Perhaps, but not at first. When I was choosing to do industrial chemistry or engineering I wasn't even conscious that not too many women were doing it. I knew that most of my friends at the time were choosing very traditional things like teaching or whatever, but no-one made me feel as if I was being excluded at all from those areas. When I started at the university, though, it became obvious that it was a male dominated area. There were many occasions when I'd go to conferences as the only female in the whole auditorium. Then again, that makes you well known – everyone gets to know you really quickly.
What's been concerning me over the last few years is the way that school educational policies have been trying to focus on girls, with an insistence that the poor girls have been excluded from maths and science because the boys have been dominating the class and haven't allowed the girls to excel. I have been very sceptical, even cynical, about those theories and ideas. Basically women weren't interested, okay? And that's unfortunate: I used to love mathematics and I couldn't understand why other people didn't. It's important to give the information and expose male and female students to all their options, but not to try and bias the system. Over the years everything's been biased towards the females, and I feel sorry for the boys now.
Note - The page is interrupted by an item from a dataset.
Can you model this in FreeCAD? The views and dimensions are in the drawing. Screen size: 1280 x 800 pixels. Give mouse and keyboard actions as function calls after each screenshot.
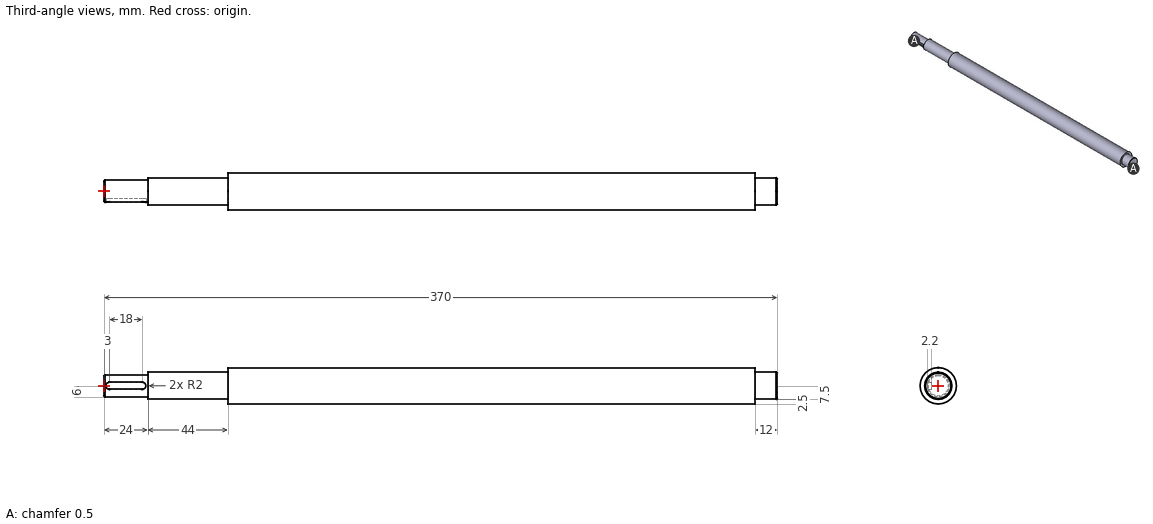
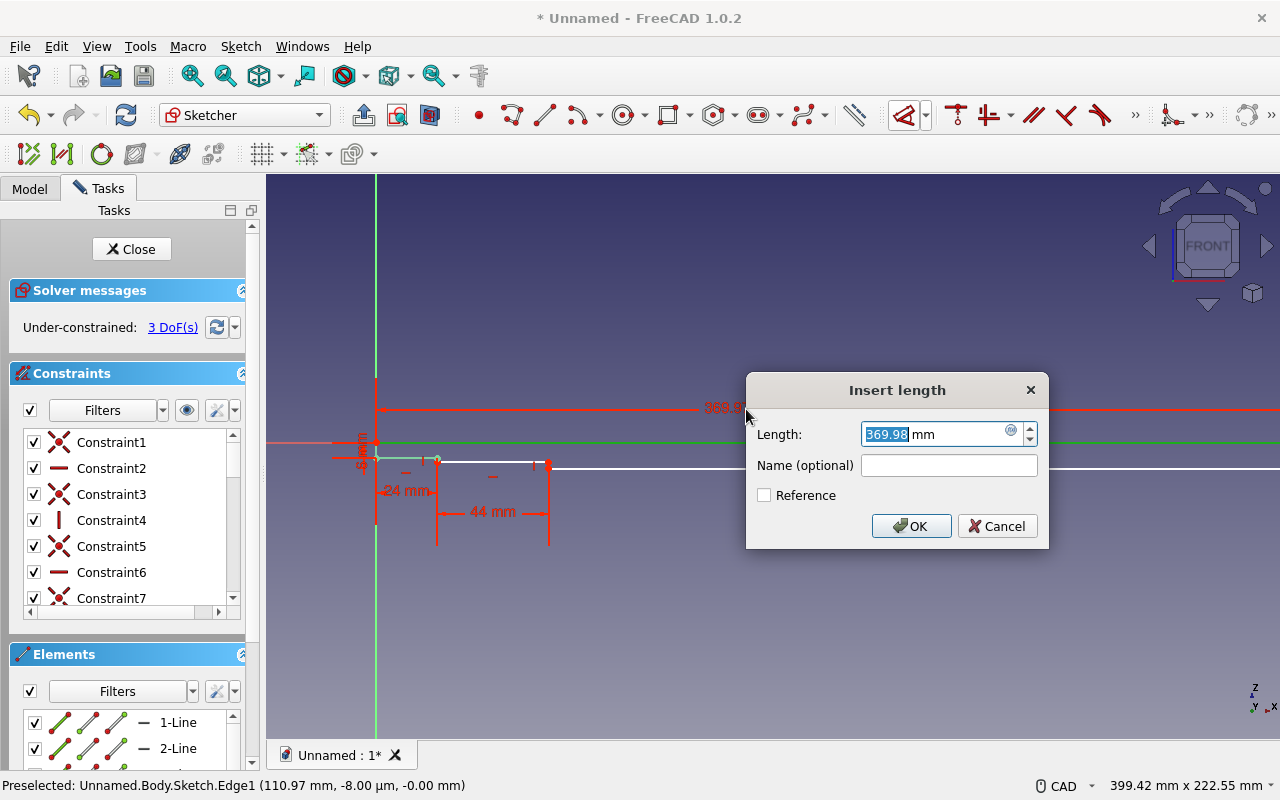
text(370)
key(Return)
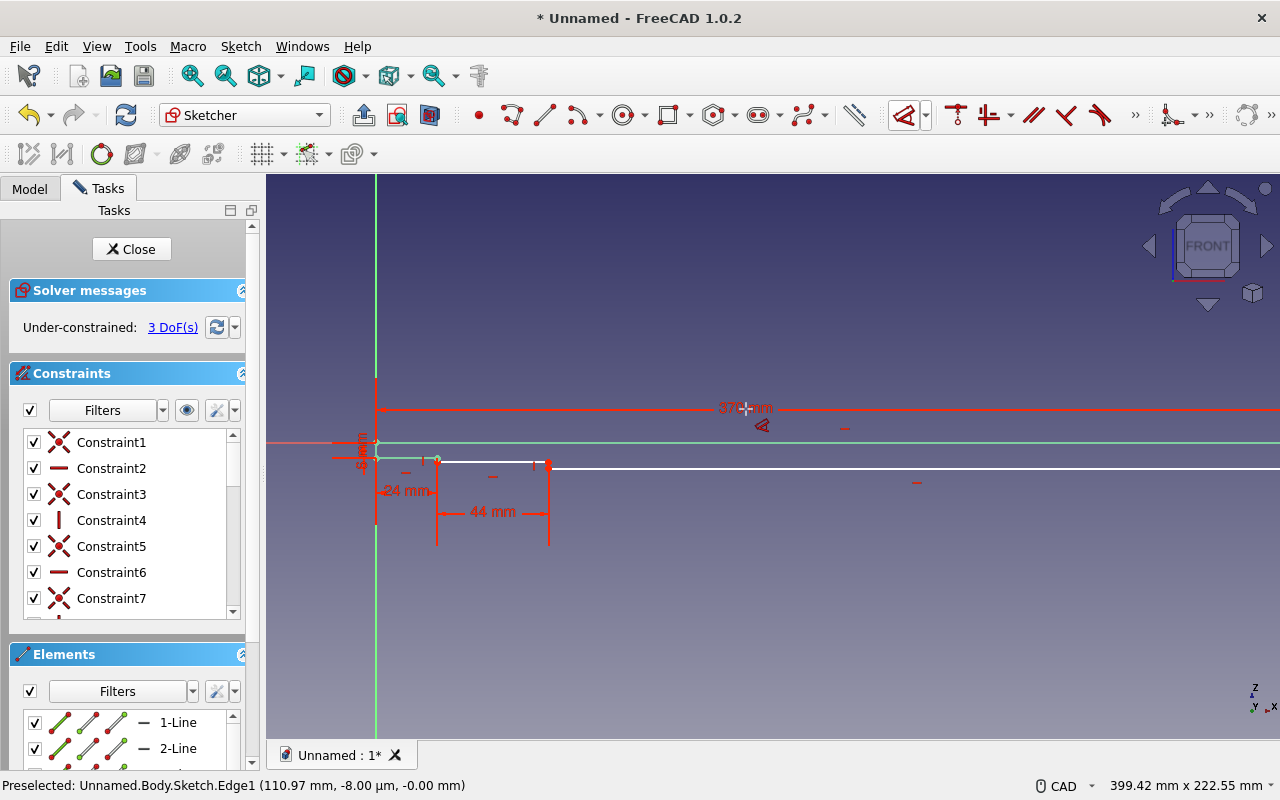
scroll(417, 458, down, 2)

I'm the mother of three sons, and I keep on telling them that because the system is geared to work against them they've got to be really careful to make sure as they grow up that the future doesn't exclude them totally.
We have spoken about the prize you were given shortly after you returned to Australia. That's a long time ago. What honours have you received in the meantime?
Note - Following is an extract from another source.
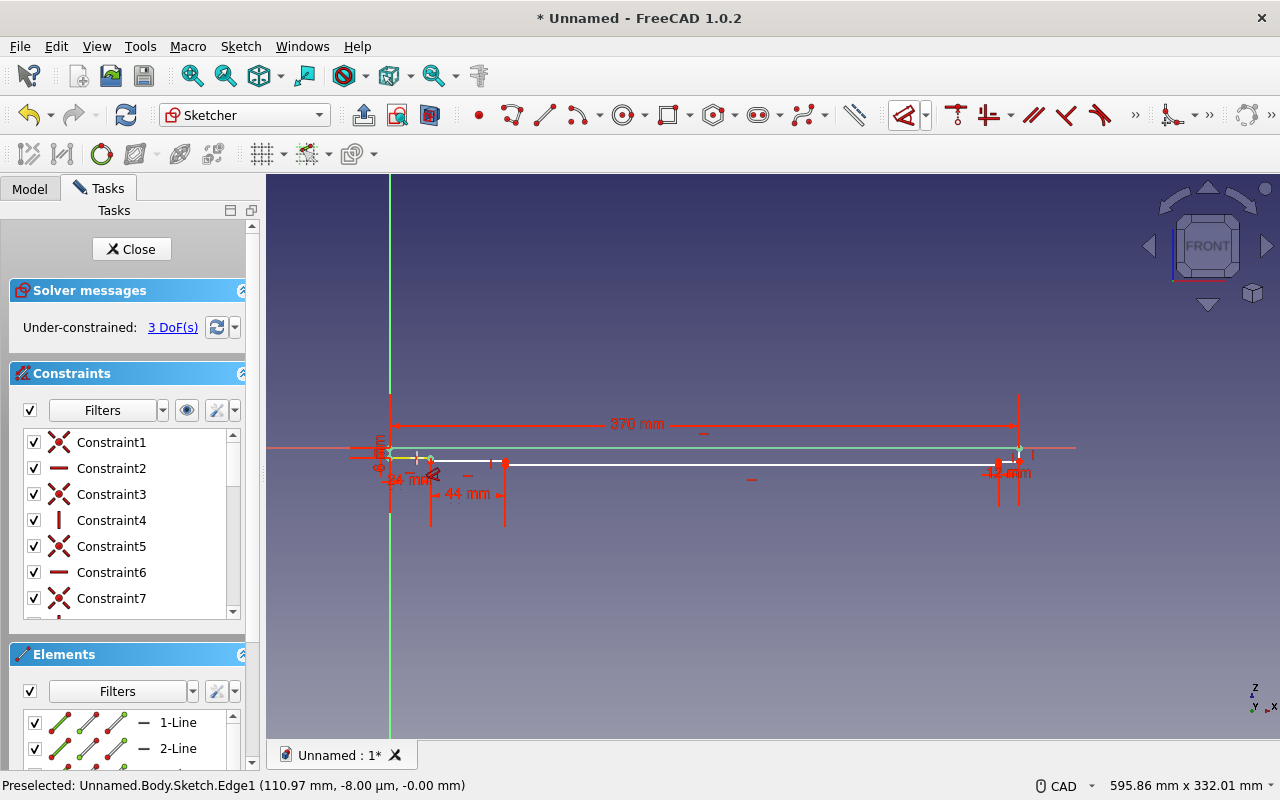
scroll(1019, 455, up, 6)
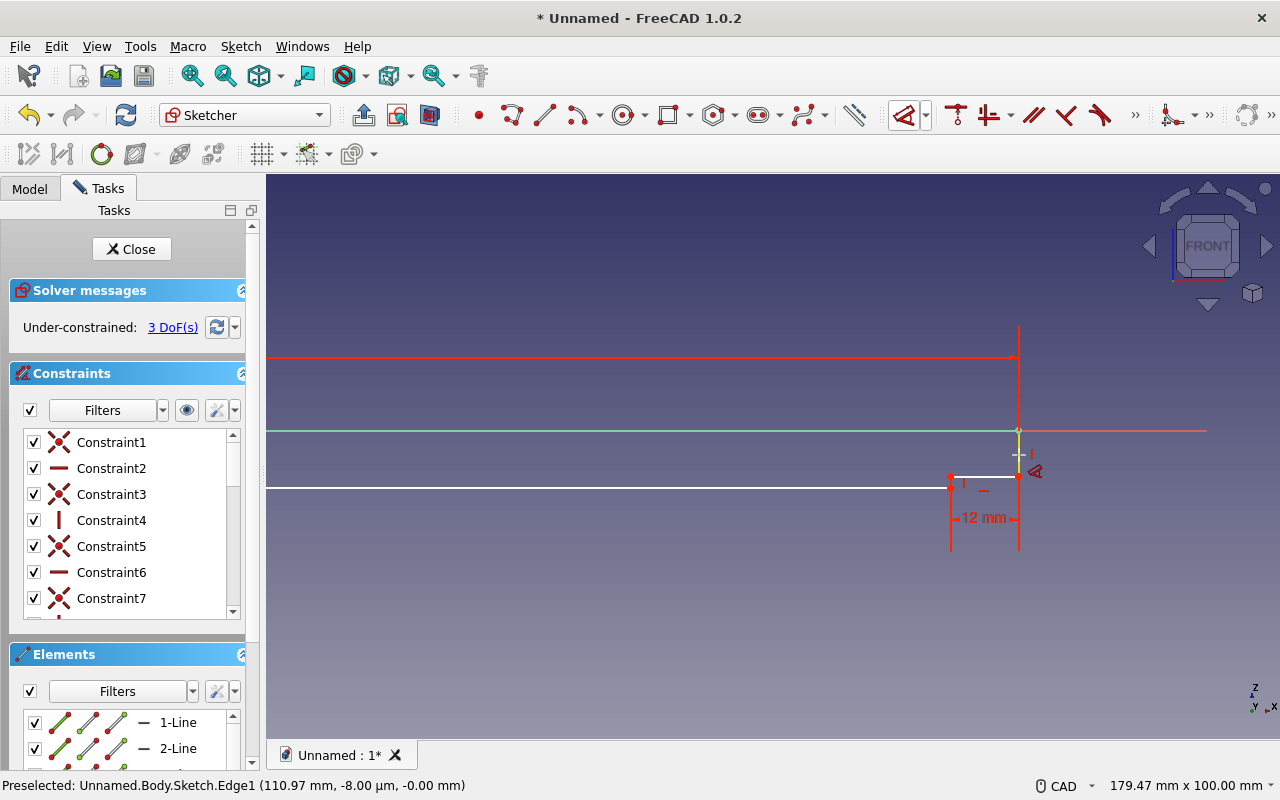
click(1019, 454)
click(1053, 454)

I was very honoured to be awarded, first of all, the Whiffen Medal, by the Institution of Chemical Engineers and the Institution of Engineers Australia. That is for applied research or projects with applications for industry. Then two years ago I was awarded the Chemeca Medal, the most prestigious chemical engineering award in Australia, again by the Institution of Engineers Australia and the Institution of Chemical Engineers. Both those medals were awarded for the vanadium battery. I was nominated for them by Mr Graeme Paul, who is a member of the RACI and a really wonderful person.
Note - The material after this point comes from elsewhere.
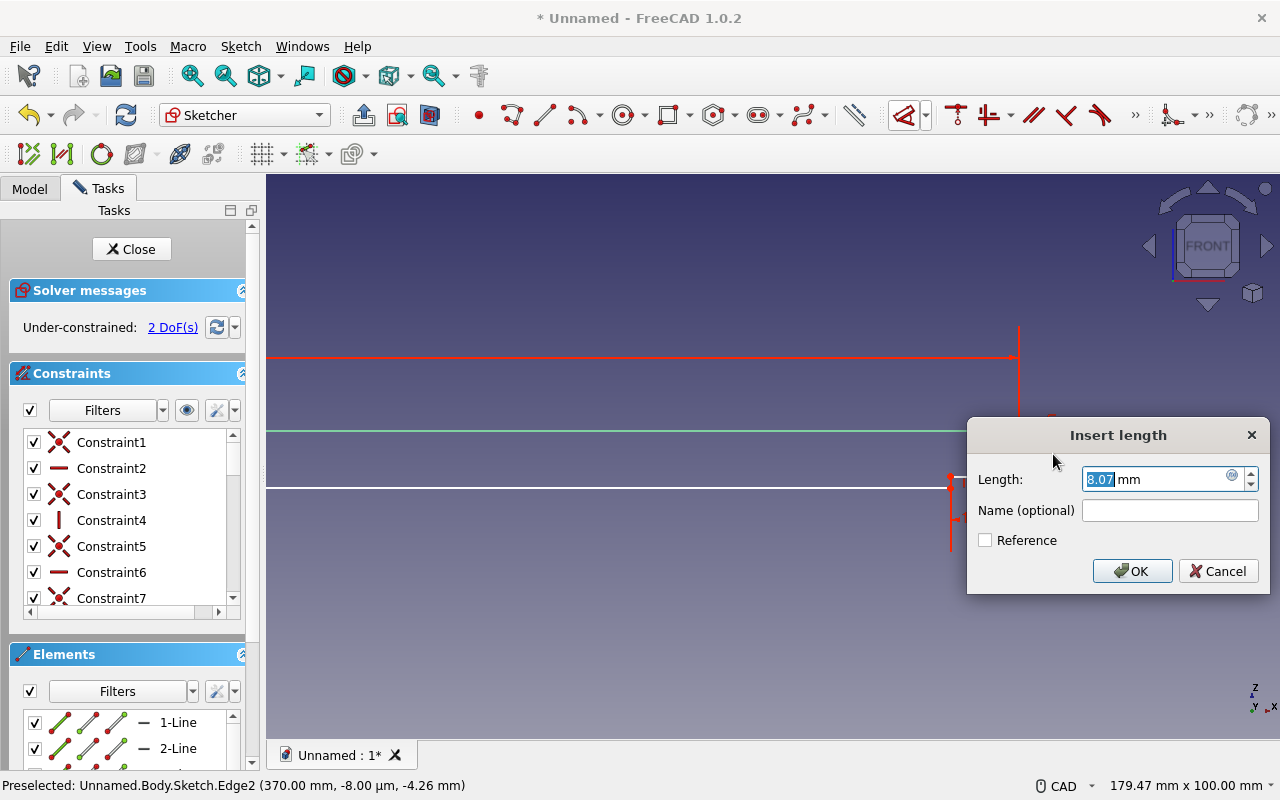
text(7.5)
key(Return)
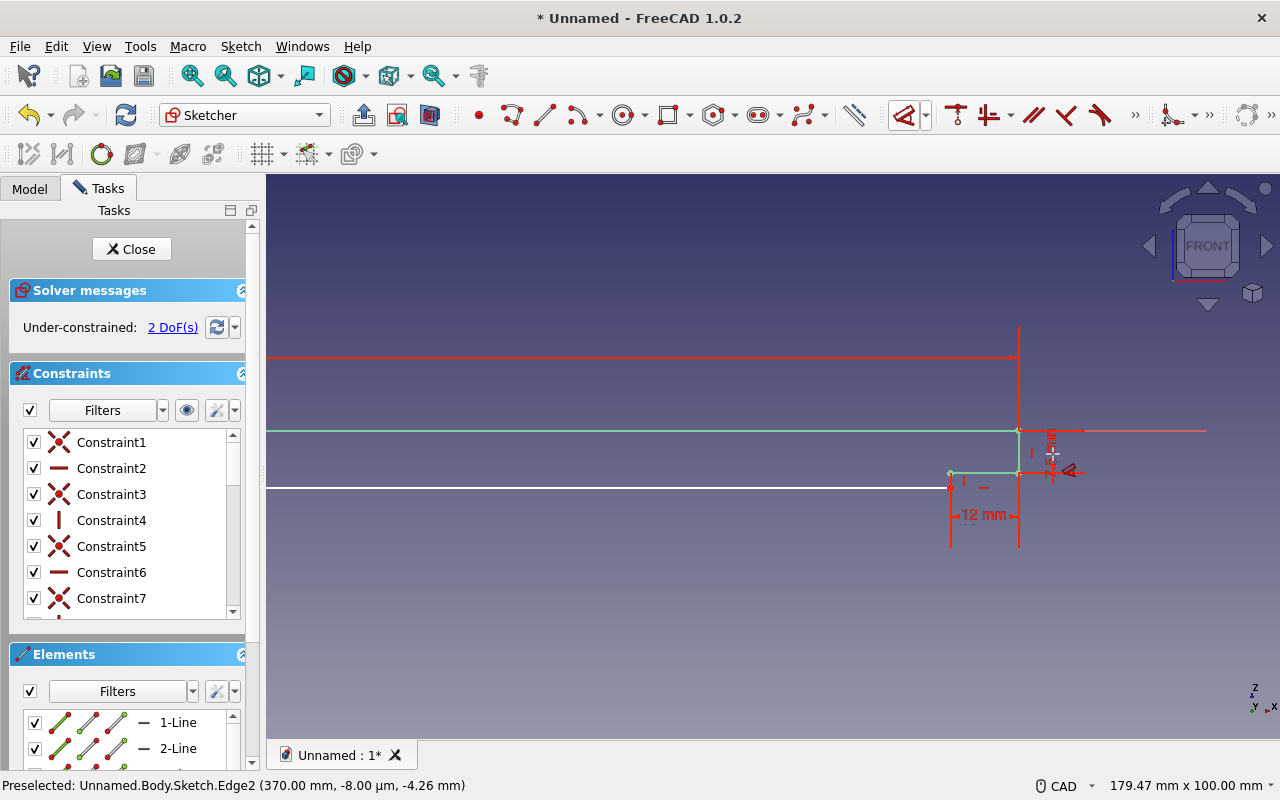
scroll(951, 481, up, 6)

And in 1999, in the Australia Day honours – again on the nomination of Graeme Paul – I was made a Member of the Order of Australia. That was a great honour and a very proud moment for the whole family.
What are your ambitions for the future?
I want to continue the research I'm doing now. Mainly, though, I want to find more time to travel, because with young children I've always tried to restrict the amount of my travel. I get a lot of invitations to go overseas but most of the time I have to turn them down politely because I haven't wanted to travel without my children. But as they're growing up now and getting more independent, I'm hoping to start doing a lot more travelling, visiting overseas research laboratories and attending more international conferences – and, who knows, starting a whole lot of new things in the future with my husband.
Do you look forward to a time when you can limit administrative and teaching work in favour of research?
Actually, that is one thing I'm hoping to be able to do. I'm not yet sure how, but I've got a few thoughts about it. Hopefully, I'll start taking study leave, which is another thing I haven't been doing much of, and getting away for a while. While I have enjoyed teaching throughout my academic career, I'm finding now that it is just too difficult to do everything well. After another 5-6 years I hope to be just doing research and that will give me more time for travelling, and reading novels and resuming art and sketching and so on – all those other things that I've put aside for 25 years.